Required work: Quote exactly and only this range of lines in the data below: the line that holds "hfov=60.0deg." to the line that holds "5) rack frame (1178,75,1297,462)", both included.

Provided entries:
·····

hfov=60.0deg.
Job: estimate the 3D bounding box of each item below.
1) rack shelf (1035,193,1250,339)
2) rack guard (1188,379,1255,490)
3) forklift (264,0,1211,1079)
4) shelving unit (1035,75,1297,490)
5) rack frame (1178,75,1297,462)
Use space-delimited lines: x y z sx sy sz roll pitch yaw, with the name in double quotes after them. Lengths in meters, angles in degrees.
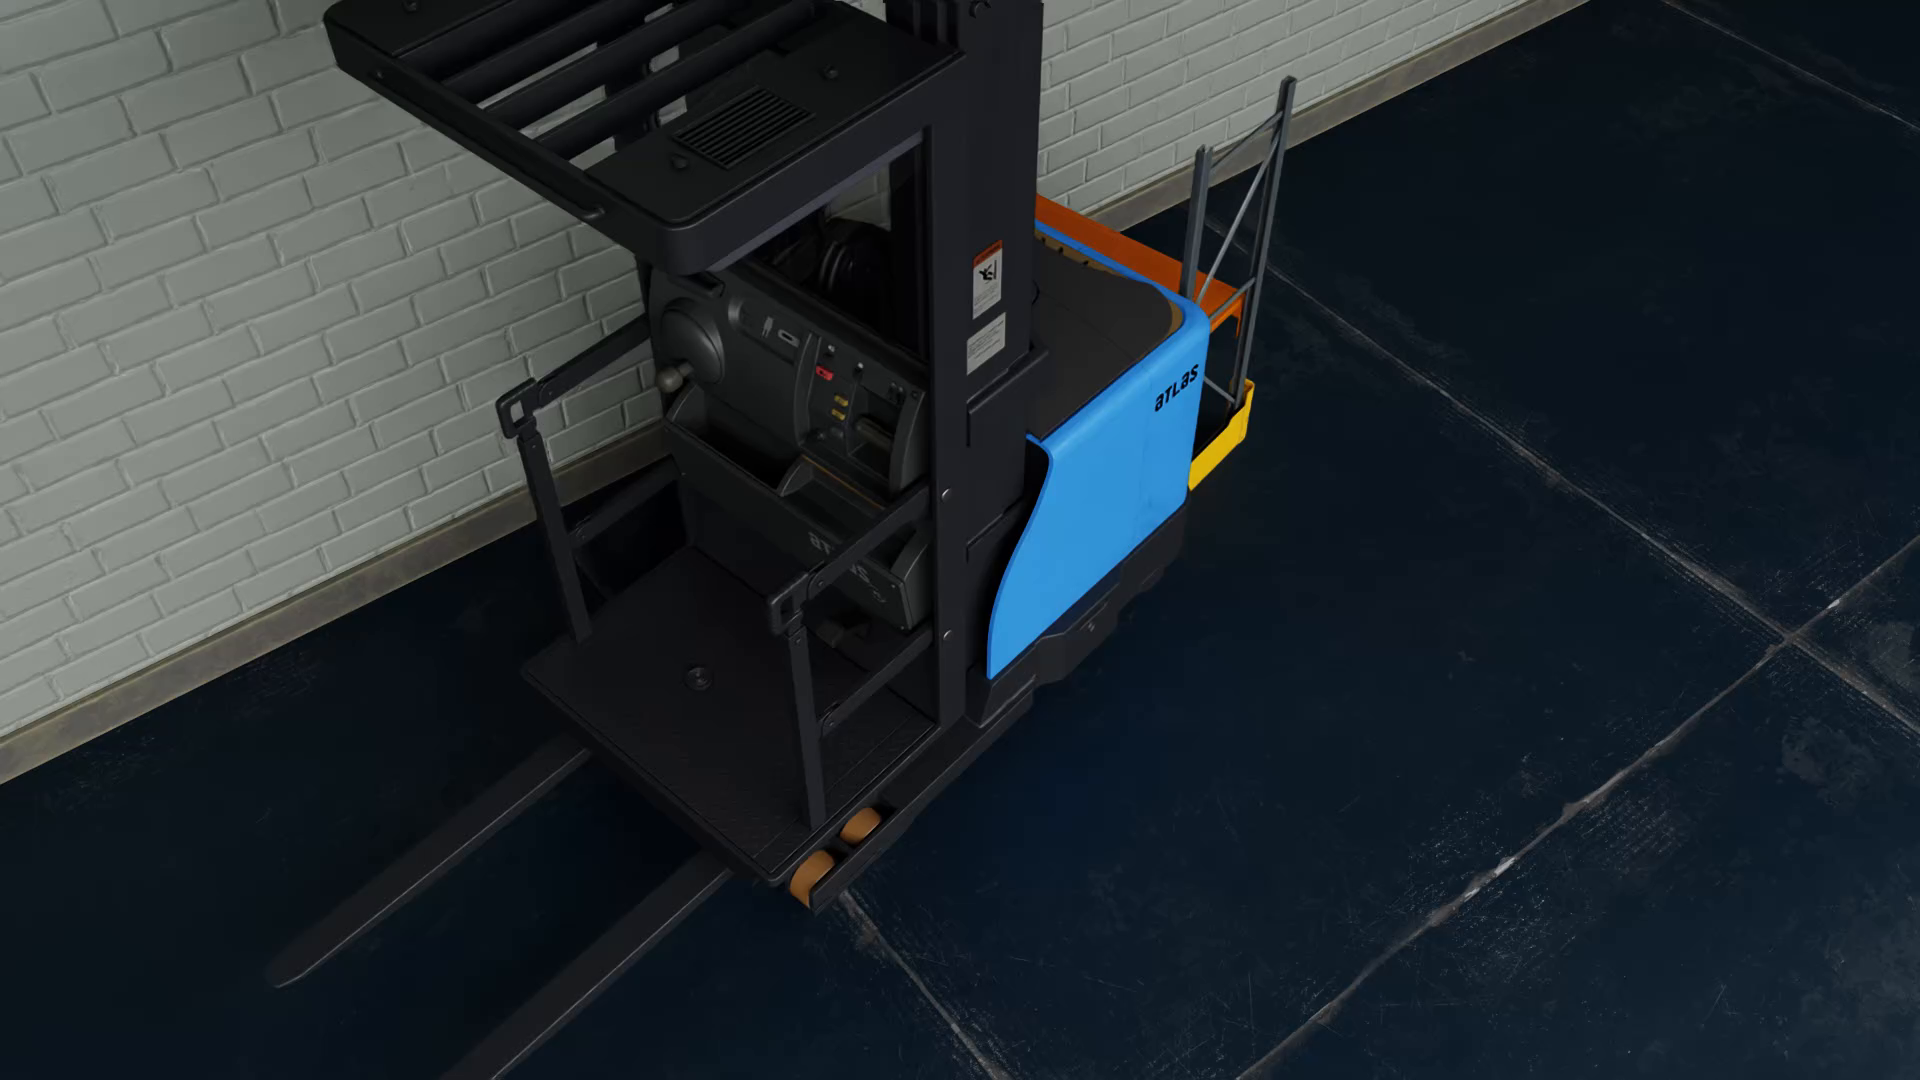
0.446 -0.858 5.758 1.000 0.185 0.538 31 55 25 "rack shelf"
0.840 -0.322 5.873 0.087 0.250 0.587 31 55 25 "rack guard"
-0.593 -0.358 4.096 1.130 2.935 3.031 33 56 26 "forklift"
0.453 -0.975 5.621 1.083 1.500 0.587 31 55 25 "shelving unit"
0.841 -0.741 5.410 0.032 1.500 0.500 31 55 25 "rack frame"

·····

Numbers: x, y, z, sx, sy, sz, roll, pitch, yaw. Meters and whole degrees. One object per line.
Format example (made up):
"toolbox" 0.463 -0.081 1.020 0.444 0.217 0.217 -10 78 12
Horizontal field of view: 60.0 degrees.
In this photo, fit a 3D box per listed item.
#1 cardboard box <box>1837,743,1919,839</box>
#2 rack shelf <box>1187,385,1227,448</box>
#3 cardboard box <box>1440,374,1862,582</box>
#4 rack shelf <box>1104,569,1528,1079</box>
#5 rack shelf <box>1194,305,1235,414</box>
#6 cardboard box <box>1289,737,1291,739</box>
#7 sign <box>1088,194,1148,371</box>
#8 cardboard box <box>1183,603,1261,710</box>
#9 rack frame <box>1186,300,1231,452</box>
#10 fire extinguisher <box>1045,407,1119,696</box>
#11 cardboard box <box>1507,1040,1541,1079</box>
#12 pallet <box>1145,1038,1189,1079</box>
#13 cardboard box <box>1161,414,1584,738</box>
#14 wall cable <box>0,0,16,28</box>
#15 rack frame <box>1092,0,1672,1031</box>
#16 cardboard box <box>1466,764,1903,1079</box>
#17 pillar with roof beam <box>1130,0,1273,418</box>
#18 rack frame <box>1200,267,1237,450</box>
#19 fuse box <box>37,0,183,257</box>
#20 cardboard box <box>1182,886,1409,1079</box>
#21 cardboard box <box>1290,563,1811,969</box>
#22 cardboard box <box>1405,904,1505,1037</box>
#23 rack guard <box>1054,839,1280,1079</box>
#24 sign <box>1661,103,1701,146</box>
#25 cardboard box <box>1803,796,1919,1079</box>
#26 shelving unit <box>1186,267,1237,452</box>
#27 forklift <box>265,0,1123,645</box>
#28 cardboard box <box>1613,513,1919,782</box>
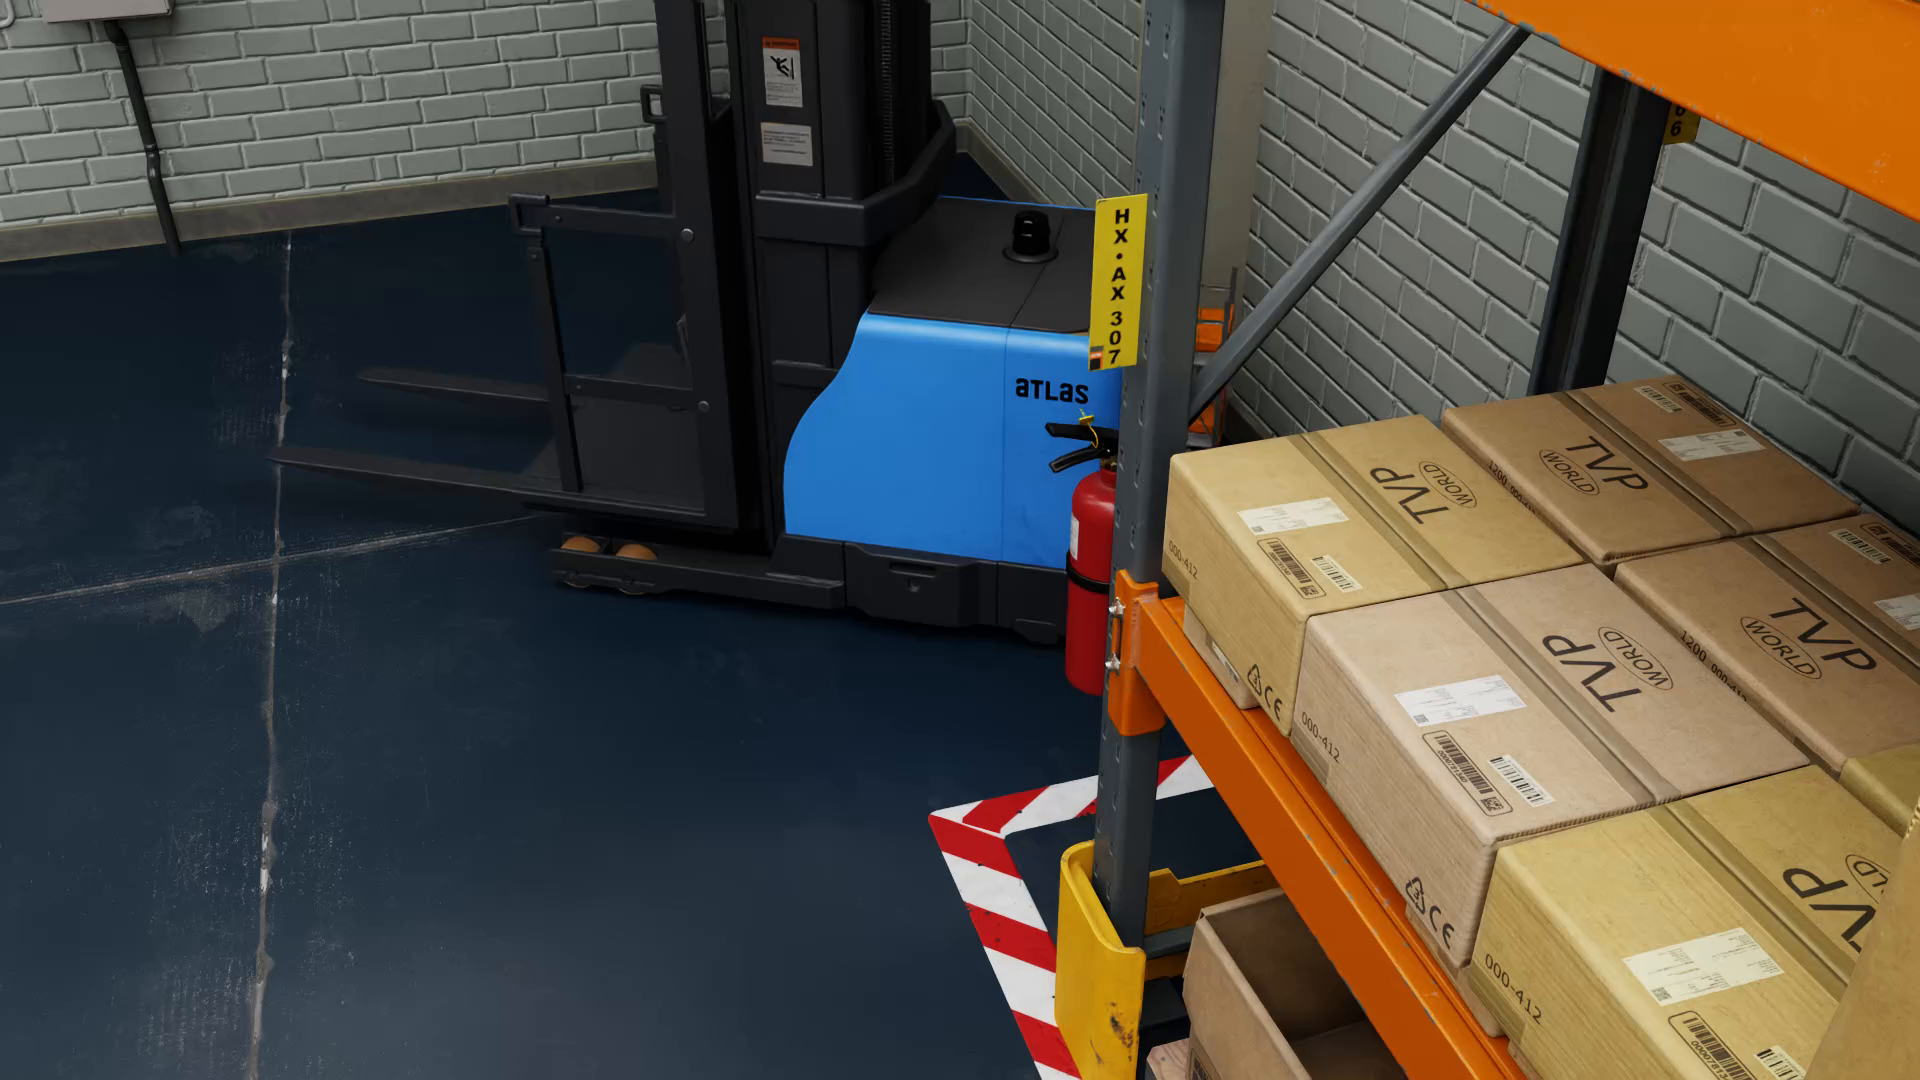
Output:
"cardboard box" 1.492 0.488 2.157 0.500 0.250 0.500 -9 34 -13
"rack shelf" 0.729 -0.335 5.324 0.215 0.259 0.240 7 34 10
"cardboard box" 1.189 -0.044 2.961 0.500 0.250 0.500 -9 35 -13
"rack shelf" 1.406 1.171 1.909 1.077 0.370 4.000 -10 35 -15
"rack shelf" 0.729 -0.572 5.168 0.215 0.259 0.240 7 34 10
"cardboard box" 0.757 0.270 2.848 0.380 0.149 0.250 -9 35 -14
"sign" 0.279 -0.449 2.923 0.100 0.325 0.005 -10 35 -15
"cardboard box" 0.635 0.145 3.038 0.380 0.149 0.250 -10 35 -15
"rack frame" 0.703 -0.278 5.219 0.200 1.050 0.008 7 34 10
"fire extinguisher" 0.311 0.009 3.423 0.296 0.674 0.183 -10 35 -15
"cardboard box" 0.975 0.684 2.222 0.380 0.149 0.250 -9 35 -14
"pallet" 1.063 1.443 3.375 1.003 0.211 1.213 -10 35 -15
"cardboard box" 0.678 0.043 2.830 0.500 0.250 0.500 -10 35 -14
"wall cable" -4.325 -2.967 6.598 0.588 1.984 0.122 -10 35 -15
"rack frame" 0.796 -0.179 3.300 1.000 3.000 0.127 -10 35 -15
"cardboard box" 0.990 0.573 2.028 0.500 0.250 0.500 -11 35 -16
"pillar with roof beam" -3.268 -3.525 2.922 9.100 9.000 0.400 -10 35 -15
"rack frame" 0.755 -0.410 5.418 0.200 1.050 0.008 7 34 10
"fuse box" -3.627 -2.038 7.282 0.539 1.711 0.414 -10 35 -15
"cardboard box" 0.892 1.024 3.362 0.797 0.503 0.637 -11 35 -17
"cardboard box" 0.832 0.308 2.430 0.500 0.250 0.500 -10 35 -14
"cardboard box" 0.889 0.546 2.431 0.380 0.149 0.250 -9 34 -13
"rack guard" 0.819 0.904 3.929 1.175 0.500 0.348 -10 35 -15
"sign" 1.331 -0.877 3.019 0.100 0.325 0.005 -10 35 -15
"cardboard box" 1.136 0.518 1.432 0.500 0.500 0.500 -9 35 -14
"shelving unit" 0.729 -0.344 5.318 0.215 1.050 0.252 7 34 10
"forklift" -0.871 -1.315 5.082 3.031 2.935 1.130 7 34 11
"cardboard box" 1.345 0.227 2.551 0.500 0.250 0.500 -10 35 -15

·····

Task response:
hfov=60.0deg.
Job: estimate the 3D bounding box of each item below.
1) rack shelf (1035,193,1250,339)
2) rack guard (1188,379,1255,490)
3) forklift (264,0,1211,1079)
4) shelving unit (1035,75,1297,490)
5) rack frame (1178,75,1297,462)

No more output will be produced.